Pelosi Indicates She Would Support Sanders as Nominee

Elections
House Speaker Nancy Pelosi holds her weekly news conference in Washington, D.C., February 13, 2020. (Jonathan Ernst/Reuters)

House Speaker Nancy Pelosi said Wednesday that she would be comfortable with Senator Bernie Sanders as the Democratic nominee for president despite hesitation among some lawmakers in her party.

“Yes,” Pelosi responded as she left a closed-door meeting in the House when asked whether she would be comfortable with the self-described democratic socialist leading the ticket.

“I think whoever our nominee is, we will enthusiastically embrace and we will win the White House, the Senate and the House,” the California congresswoman added.

A day earlier, Senate minority leader Chuck Schumer indicated he too would be comfortable with Sanders as the party’s nominee.

“We have a lot of strong nominees,” Schumer said. “I’m not supporting one over the other, but I think every one of them will beat President Trump.”

Sanders this week sought to fend off bipartisan flack over comments he made praising aspects of the regime of late Cuban Communist leader Fidel Castro.

In the 1980s, Sanders claimed that part of the reason the Cuban people did not help the U.S. overthrow Castro’s regime was that the authoritarian leader provided them with health care and education.

“We’re very opposed to the authoritarian nature of Cuba, but, you know, it’s unfair to simply say everything is bad,” Sanders said Sunday on CBS when confronted with his decades-old comments.
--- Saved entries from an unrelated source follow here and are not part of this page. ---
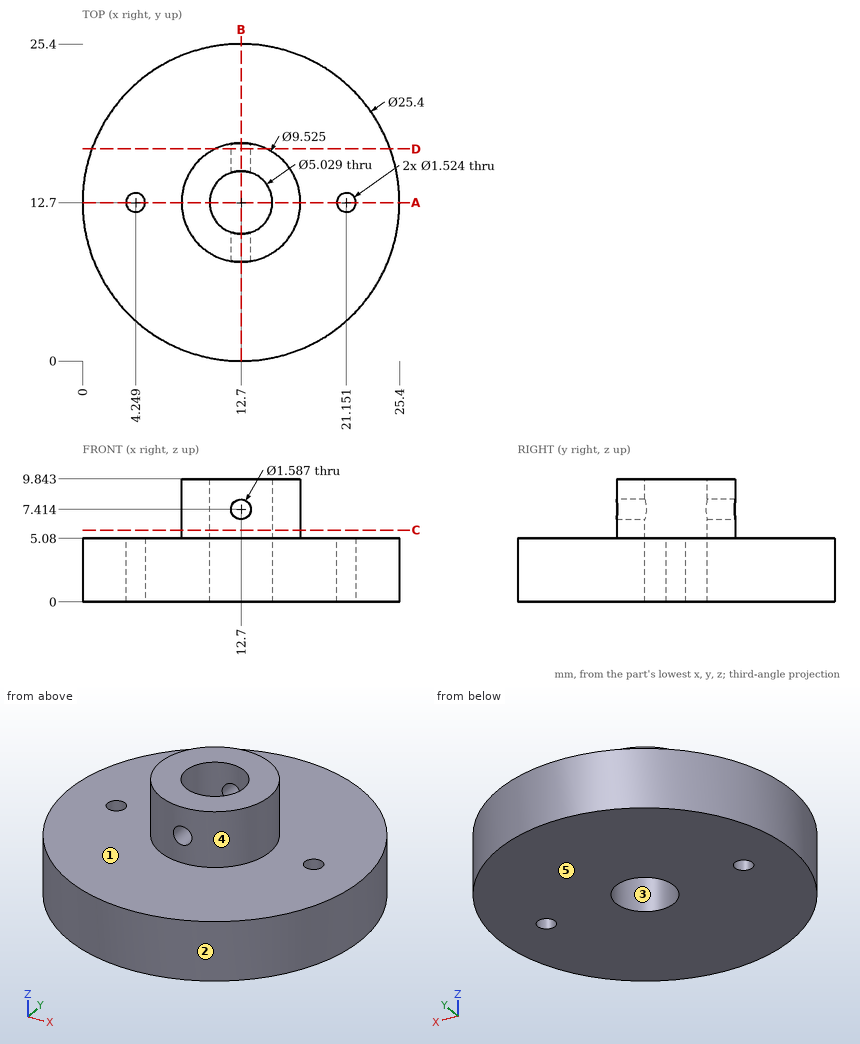
Drawing for the job (mm, zero at the part's lowest x, y, z). A direction names the side the tool comes from. Give positions to 0.01 mm unless a question says otherwise; leave off trailing zeros. Order: outer loops, then holes, each group sorted by start corner. A loop starts at its lowest first (then second) coordinate and runs counter-clockwise, first axis right, second up. Notation, with made-up numbers: M -18,-10.75 L 25,-10.75 A12 ccw 25,11.25 Z; hole C 19,77.5 d2. An arc over 180 degrees is marked long. Use a Markdown table: item, result. Add a question column.
(1) Saw through at C-C, the plane z = 5.75. Give the cut face in (x, y) (1 decimal).
(2) Drop flat-ended pins along their axis: P1, Ø1.2, axis at x = 4.25, y = 12.7, coming from the -Z side; P2, Ø1, axis at x = 15.5, z = 4, coming from the +Y side; P3, Ø2.5, axis at x = 12.7, z = 7.41, coming from the -Y side; P4, Ø5, axis at x = 21.5, z = 1.5, coming from the +Y side. Give the stop position or say it passes through.
(3) Saw through at A-A, the plane y = 12.7. Give the cut face in (x, z) (1 decimal).
(4) 3-axis set-ups, long thin cutter, end or side, ignore diameter. For the marked faces 4 and 5: which of +Z, -Z, +X, -X, +Y, -Y reach the whole face in a straight line?
(5) Saw through at D-D, the plane y = 17. Give the cut face in (x, z), and give its area (3 significant figures).
(6) Saw through at B-B, the plane x = 12.7. Give the cut face in (y, z) (1 decimal).
(7) Mould opens along X. For the marked faces 1, 2 and 3 say: +X half, -X half, draft (parallel to the pull), parting line (faces both ways), or undercut.
(8) Probe line 1 along Z through (x, y) = (12.7, 16.45); line 2 along X through (y, z) = (12.5, 4.5) (1 decimal); line 3 along Y through (x, z) = (20.5, 1.25) (1 decimal). List the from-to ranges inside material, lowest first. Write a range as [from, to].
Answer key:
| question | item | result |
|---|---|---|
| 1 | outline | C 12.7,12.7 d9.5; hole C 12.7,12.7 d5 |
| 2 | P1 | through |
| 2 | P2 | y = 25.19 |
| 2 | P3 | y = 7.94 |
| 2 | P4 | y = 23.73 |
| 3 | outline | M 0,0 L 3.5,0 L 3.5,5.1 L 0,5.1 Z; M 5,0 L 10.2,0 L 10.2,9.8 L 7.9,9.8 L 7.9,5.1 L 5,5.1 Z; M 15.2,0 L 20.4,0 L 20.4,5.1 L 17.5,5.1 L 17.5,9.8 L 15.2,9.8 Z; M 21.9,0 L 25.4,0 L 25.4,5.1 L 21.9,5.1 Z |
| 4 | face 4 | +Z |
| 4 | face 5 | -Z, +X, -X, +Y, -Y |
| 5 | outline | M 0.75,0 L 24.65,0 L 24.65,5.08 L 14.75,5.08 L 14.75,9.84 L 10.65,9.84 L 10.65,5.08 L 0.75,5.08 Z; hole C 12.7,7.41 d1.59 |
| 5 | area | 139 mm^2 |
| 6 | outline | M 0,0 L 10.2,0 L 10.2,6.6 L 7.9,6.6 L 7.9,5.1 L 0,5.1 Z; M 7.9,8.2 L 10.2,8.2 L 10.2,9.8 L 7.9,9.8 Z; M 15.2,0 L 25.4,0 L 25.4,5.1 L 17.5,5.1 L 17.5,6.6 L 15.2,6.6 Z; M 15.2,8.2 L 17.5,8.2 L 17.5,9.8 L 15.2,9.8 Z |
| 7 | face 1 | draft |
| 7 | face 2 | parting line |
| 7 | face 3 | undercut |
| 8 | line 1 | [0, 6.62], [8.21, 9.84] |
| 8 | line 2 | [0, 3.5], [5, 10.2], [15.2, 20.4], [21.9, 25.4] |
| 8 | line 3 | [2.7, 12.3], [13.1, 22.7] |

He went on to praise Castro’s “massive literacy program,” saying, “Is that a bad thing even though Fidel Castro did it?”

Sanders doubled down during Tuesday’s Democratic debate, even invoking remarks by former president Barack Obama in 2016 commending the regime’s education and healthcare systems.

“I’m hoping that in the future, Senator Sanders will take time to speak to some of my constituents before he decides to sing the praises of a murderous tyrant like Fidel Castro,” said Representative Donna Shalala, a Florida Democrat.

Sanders currently holds a hefty lead over the pack of Democratic 2020 contenders, polling at 29.2 percent nationally, well over the 18 percent support enjoyed by former vice president Joe Biden, who led the field for months last year.

The progressive independent tied with former South Bend, Ind. mayor Pete Buttigieg in the Iowa caucuses and went on to win the New Hampshire primary and Nevada caucuses earlier this month.